(Provided data)

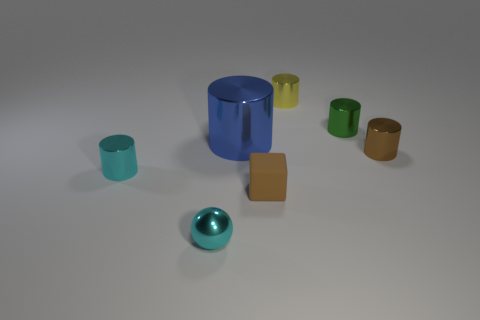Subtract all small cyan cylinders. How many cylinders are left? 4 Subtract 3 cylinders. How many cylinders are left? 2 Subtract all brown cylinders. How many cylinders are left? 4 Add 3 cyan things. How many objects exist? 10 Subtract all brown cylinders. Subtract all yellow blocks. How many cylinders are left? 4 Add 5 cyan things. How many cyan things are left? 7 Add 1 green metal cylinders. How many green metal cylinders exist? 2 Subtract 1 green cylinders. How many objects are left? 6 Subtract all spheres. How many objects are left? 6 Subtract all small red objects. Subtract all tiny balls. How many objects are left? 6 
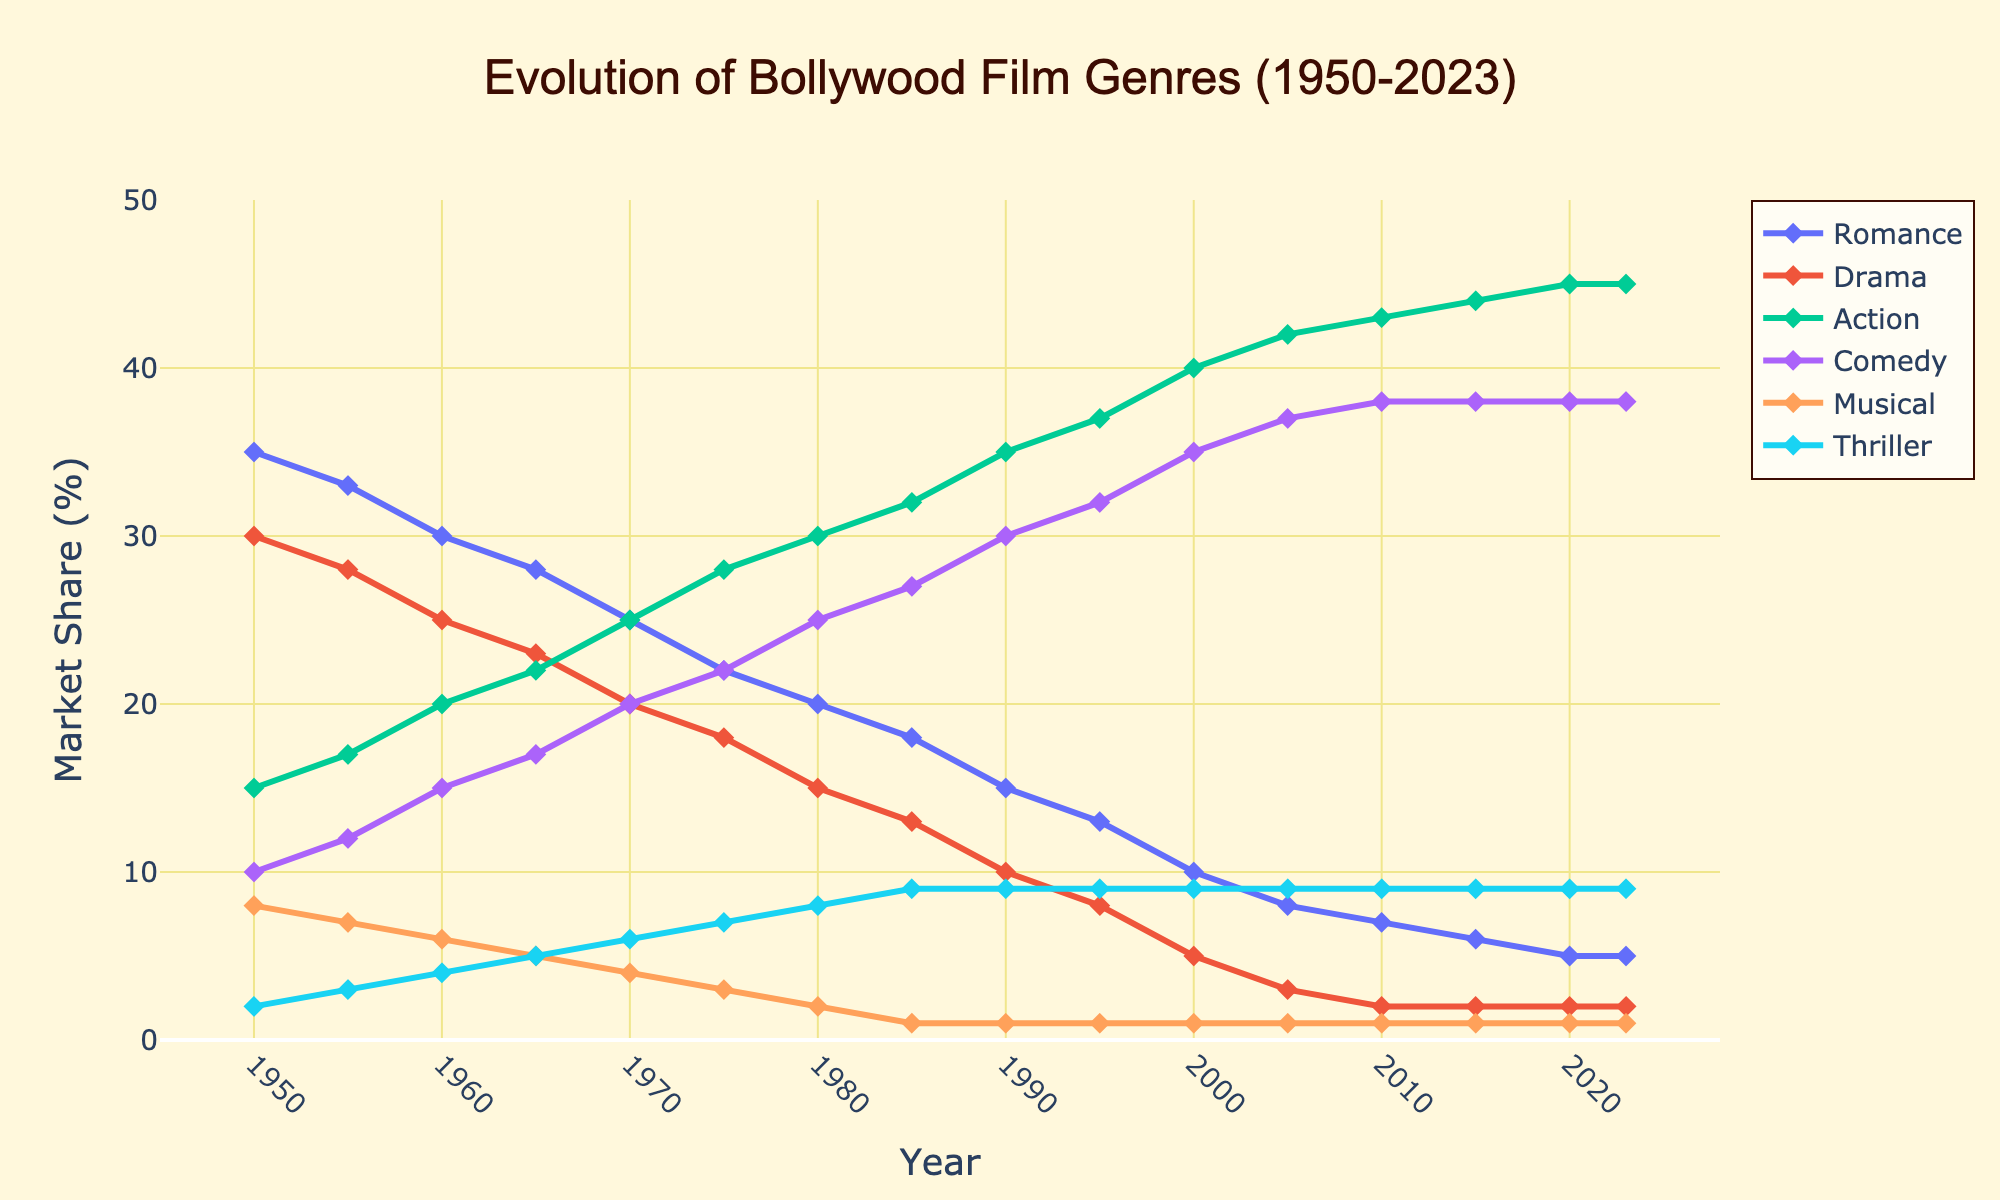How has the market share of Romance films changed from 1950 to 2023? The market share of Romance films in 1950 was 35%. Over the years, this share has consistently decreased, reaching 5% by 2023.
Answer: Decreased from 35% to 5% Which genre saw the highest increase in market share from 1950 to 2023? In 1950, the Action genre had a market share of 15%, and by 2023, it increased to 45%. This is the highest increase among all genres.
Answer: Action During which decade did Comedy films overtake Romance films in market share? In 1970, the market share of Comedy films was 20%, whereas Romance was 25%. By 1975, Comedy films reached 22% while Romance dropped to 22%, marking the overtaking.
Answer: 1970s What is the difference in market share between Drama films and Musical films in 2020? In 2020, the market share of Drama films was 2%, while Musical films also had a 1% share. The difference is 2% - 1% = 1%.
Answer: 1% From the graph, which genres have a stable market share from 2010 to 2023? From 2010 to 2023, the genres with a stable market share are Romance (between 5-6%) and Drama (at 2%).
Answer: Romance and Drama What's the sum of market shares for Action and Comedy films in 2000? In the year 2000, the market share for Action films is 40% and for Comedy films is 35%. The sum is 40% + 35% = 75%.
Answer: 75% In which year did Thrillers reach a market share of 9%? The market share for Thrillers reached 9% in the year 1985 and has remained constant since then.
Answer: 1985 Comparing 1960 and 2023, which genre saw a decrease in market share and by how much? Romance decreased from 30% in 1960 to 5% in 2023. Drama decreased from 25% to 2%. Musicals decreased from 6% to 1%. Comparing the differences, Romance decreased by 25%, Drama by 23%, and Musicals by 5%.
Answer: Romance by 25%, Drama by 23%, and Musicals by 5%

(End Provided data)

*Activity*
Transcribe all data precisely. Pictures are not copied.

*Exercise solution*
Subtract all small cyan cylinders. How many cylinders are left? 4 Subtract 3 cylinders. How many cylinders are left? 2 Subtract all brown cylinders. How many cylinders are left? 4 Add 3 cyan things. How many objects exist? 10 Subtract all brown cylinders. Subtract all yellow blocks. How many cylinders are left? 4 Add 5 cyan things. How many cyan things are left? 7 Add 1 green metal cylinders. How many green metal cylinders exist? 2 Subtract 1 green cylinders. How many objects are left? 6 Subtract all spheres. How many objects are left? 6 Subtract all small red objects. Subtract all tiny balls. How many objects are left? 6 
How has the market share of Romance films changed from 1950 to 2023? The market share of Romance films in 1950 was 35%. Over the years, this share has consistently decreased, reaching 5% by 2023.
Answer: Decreased from 35% to 5% Which genre saw the highest increase in market share from 1950 to 2023? In 1950, the Action genre had a market share of 15%, and by 2023, it increased to 45%. This is the highest increase among all genres.
Answer: Action During which decade did Comedy films overtake Romance films in market share? In 1970, the market share of Comedy films was 20%, whereas Romance was 25%. By 1975, Comedy films reached 22% while Romance dropped to 22%, marking the overtaking.
Answer: 1970s What is the difference in market share between Drama films and Musical films in 2020? In 2020, the market share of Drama films was 2%, while Musical films also had a 1% share. The difference is 2% - 1% = 1%.
Answer: 1% From the graph, which genres have a stable market share from 2010 to 2023? From 2010 to 2023, the genres with a stable market share are Romance (between 5-6%) and Drama (at 2%).
Answer: Romance and Drama What's the sum of market shares for Action and Comedy films in 2000? In the year 2000, the market share for Action films is 40% and for Comedy films is 35%. The sum is 40% + 35% = 75%.
Answer: 75% In which year did Thrillers reach a market share of 9%? The market share for Thrillers reached 9% in the year 1985 and has remained constant since then.
Answer: 1985 Comparing 1960 and 2023, which genre saw a decrease in market share and by how much? Romance decreased from 30% in 1960 to 5% in 2023. Drama decreased from 25% to 2%. Musicals decreased from 6% to 1%. Comparing the differences, Romance decreased by 25%, Drama by 23%, and Musicals by 5%.
Answer: Romance by 25%, Drama by 23%, and Musicals by 5%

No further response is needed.